We thus find puzzling Liberty Mutual's assertions that "there are no Illinois decisions from the Appellate or the Supreme Court level which discuss common law duties of an insurer after 197" and that only one federal court has followed National Union's analysis. While no reported Illinois decision directly discusses whether § 155 preempts claims such as the present one, the above-cited post—1987 Illinois cases certainly do "discuss [the] common law duties of an insurer."
We note parenthetically that considerable confusion appears to exist concerning the application of § 155 to other types of cases, e.g., whether it preempts both compensatory and punitive damages in scope-of-coverage cases, or only punitive damages. See Bageanis v. American Bankers Life Assurance Co., 783 F. Supp. 1141, 1147 (N.D.Ill. 1992) (citing cases). Those issues are not presented, here, however.

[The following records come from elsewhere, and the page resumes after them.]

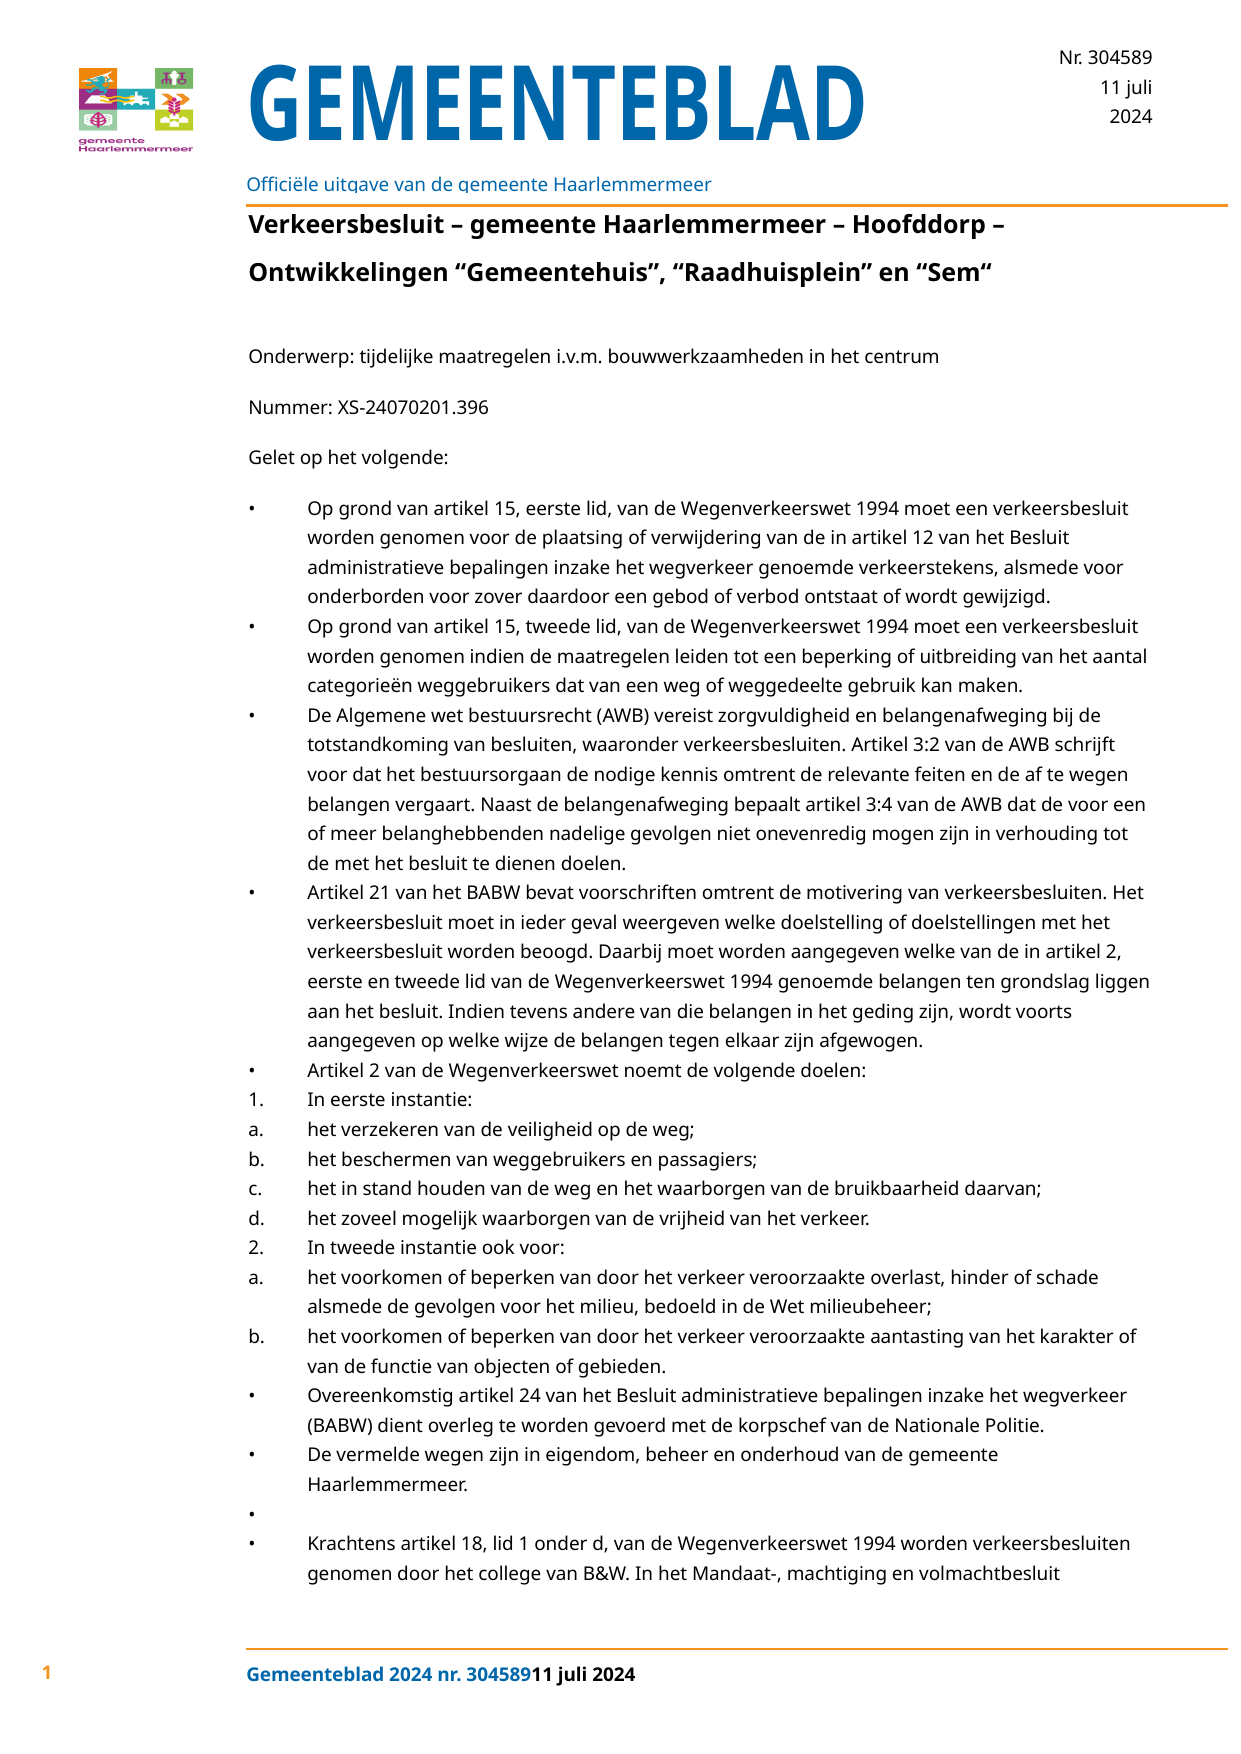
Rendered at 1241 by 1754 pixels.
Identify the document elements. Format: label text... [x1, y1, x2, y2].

list In eerste instantie: [248, 1087, 1152, 1112]
list Krachtens artikel 18, lid 1 onder d, van de Wegenverkeerswet 1994 worden verkeersbesluiten genomen door het college van B&W. In het Mandaat-, machtiging en volmachtbesluit [248, 1530, 1152, 1586]
list het beschermen van weggebruikers en passagiers; [248, 1146, 1152, 1171]
picture [41, 47, 231, 172]
list Op grond van artikel 15, tweede lid, van de Wegenverkeerswet 1994 moet een verkeersbesluit worden genomen indien de maatregelen leiden tot een beperking of uitbreiding van het aantal categorieën weggebruikers dat van een weg of weggedeelte gebruik kan maken. [248, 613, 1152, 698]
list het in stand houden van de weg en het waarborgen van de bruikbaarheid daarvan; [248, 1175, 1152, 1201]
list De Algemene wet bestuursrecht (AWB) vereist zorgvuldigheid en belangenafweging bij de totstandkoming van besluiten, waaronder verkeersbesluiten. Artikel 3:2 van de AWB schrijft voor dat het bestuursorgaan de nodige kennis omtrent de relevante feiten en de af te wegen belangen vergaart. Naast de belangenafweging bepaalt artikel 3:4 van de AWB dat de voor een of meer belanghebbenden nadelige gevolgen niet onevenredig mogen zijn in verhouding tot de met het besluit te dienen doelen. [248, 702, 1152, 876]
text Nummer: XS-24070201.396 [248, 394, 1152, 420]
list In tweede instantie ook voor: [248, 1234, 1152, 1260]
text Onderwerp: tijdelijke maatregelen i.v.m. bouwwerkzaamheden in het centrum [248, 344, 1152, 369]
list het verzekeren van de veiligheid op de weg; [248, 1116, 1152, 1142]
list het voorkomen of beperken van door het verkeer veroorzaakte overlast, hinder of schade alsmede de gevolgen voor het milieu, bedoeld in de Wet milieubeheer; [248, 1264, 1152, 1319]
text Verkeersbesluit – gemeente Haarlemmermeer – Hoofddorp – Ontwikkelingen “Gemeentehuis”, “Raadhuisplein” en “Sem“ [248, 207, 1152, 288]
list het voorkomen of beperken van door het verkeer veroorzaakte aantasting van het karakter of van de functie van objecten of gebieden. [248, 1323, 1152, 1378]
list Overeenkomstig artikel 24 van het Besluit administratieve bepalingen inzake het wegverkeer (BABW) dient overleg te worden gevoerd met de korpschef van de Nationale Politie. [248, 1382, 1152, 1438]
list Artikel 21 van het BABW bevat voorschriften omtrent de motivering van verkeersbesluiten. Het verkeersbesluit moet in ieder geval weergeven welke doelstelling of doelstellingen met het verkeersbesluit worden beoogd. Daarbij moet worden aangegeven welke van de in artikel 2, eerste en tweede lid van de Wegenverkeerswet 1994 genoemde belangen ten grondslag liggen aan het besluit. Indien tevens andere van die belangen in het geding zijn, wordt voorts aangegeven op welke wijze de belangen tegen elkaar zijn afgewogen. [248, 879, 1152, 1053]
list De vermelde wegen zijn in eigendom, beheer en onderhoud van de gemeente Haarlemmermeer. [248, 1442, 1152, 1497]
list Artikel 2 van de Wegenverkeerswet noemt de volgende doelen: [248, 1057, 1152, 1083]
list het zoveel mogelijk waarborgen van de vrijheid van het verkeer. [248, 1205, 1152, 1231]
list Op grond van artikel 15, eerste lid, van de Wegenverkeerswet 1994 moet een verkeersbesluit worden genomen voor de plaatsing of verwijdering van de in artikel 12 van het Besluit administratieve bepalingen inzake het wegverkeer genoemde verkeerstekens, alsmede voor onderborden voor zover daardoor een gebod of verbod ontstaat of wordt gewijzigd. [248, 495, 1152, 609]
text Gelet op het volgende: [248, 444, 1152, 470]

Liberty Mutual raises one final contention belatedly in its reply brief. Liberty Mutual argues that the Illinois Supreme Court will visit the issue of the application of § 155 shortly in Cramer v. Insurance Exchange Agency, " 275 Ill. App.3d 68, 211 Ill.Dec. 436, 655 N.E.2d 465 (3d Dist. 1995), appeal granted 164 Ill.2d 560, 214 Ill.Dec, 318, 660 N.E.2d 1267 (1995), and asks this Court to withdraw our opinion and await the guidance of the Illinois Supreme Court. This argument is futile because Cramer does not involve the type of claim at issue here — it is a dispute over the terms of an insurance relationship, not a claim arising out of an insurer's defense of a third party claim. Thus, any eventual Illinois Supreme Court decision in Cramer is unlikely to be relevant here.
For the foregoing reasons, Liberty Mutual's motion for reconsideration is denied.